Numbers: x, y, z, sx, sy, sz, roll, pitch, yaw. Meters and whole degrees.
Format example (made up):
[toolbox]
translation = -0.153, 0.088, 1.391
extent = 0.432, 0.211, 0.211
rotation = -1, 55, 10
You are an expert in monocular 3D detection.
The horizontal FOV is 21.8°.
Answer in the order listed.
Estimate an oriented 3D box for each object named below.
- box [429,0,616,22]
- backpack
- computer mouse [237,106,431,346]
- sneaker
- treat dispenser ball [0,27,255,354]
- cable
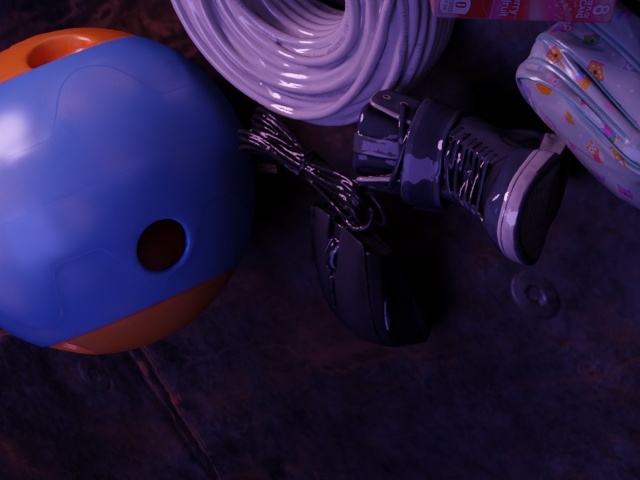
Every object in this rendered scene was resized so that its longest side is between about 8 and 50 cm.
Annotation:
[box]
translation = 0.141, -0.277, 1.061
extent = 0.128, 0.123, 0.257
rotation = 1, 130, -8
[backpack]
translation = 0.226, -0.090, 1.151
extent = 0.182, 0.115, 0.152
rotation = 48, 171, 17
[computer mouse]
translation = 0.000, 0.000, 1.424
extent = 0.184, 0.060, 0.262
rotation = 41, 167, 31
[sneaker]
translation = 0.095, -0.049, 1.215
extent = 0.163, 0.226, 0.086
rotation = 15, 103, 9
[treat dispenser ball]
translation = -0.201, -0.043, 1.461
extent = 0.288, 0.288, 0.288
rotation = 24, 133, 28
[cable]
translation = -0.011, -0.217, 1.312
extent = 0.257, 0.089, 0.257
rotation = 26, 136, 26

•••••

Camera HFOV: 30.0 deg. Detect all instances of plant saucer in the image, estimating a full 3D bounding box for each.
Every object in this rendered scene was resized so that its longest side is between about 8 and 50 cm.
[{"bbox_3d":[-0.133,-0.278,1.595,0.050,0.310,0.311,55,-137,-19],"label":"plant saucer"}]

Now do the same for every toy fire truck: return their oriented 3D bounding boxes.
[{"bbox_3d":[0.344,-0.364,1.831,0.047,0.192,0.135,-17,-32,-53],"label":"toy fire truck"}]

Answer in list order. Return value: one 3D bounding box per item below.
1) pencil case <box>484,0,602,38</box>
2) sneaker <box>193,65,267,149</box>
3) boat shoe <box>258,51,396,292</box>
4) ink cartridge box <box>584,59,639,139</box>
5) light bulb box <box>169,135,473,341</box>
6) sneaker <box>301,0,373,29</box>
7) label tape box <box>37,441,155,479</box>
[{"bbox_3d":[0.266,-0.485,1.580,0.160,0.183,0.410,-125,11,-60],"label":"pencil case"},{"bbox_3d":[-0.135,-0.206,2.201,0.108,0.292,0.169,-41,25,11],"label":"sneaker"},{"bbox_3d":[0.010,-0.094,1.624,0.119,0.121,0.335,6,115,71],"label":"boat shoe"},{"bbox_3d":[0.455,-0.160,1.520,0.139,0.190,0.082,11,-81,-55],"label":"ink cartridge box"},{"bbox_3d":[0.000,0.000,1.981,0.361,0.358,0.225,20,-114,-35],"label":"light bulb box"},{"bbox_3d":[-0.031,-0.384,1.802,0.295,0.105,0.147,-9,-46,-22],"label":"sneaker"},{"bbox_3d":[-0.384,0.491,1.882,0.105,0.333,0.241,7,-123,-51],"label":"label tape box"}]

•••••

The task » For this exercise, copy each line from the listing above that has the word "order".

Solution to this problem »
Answer in the order listed.
Answer in list order. Return value: one 3D bounding box per item below.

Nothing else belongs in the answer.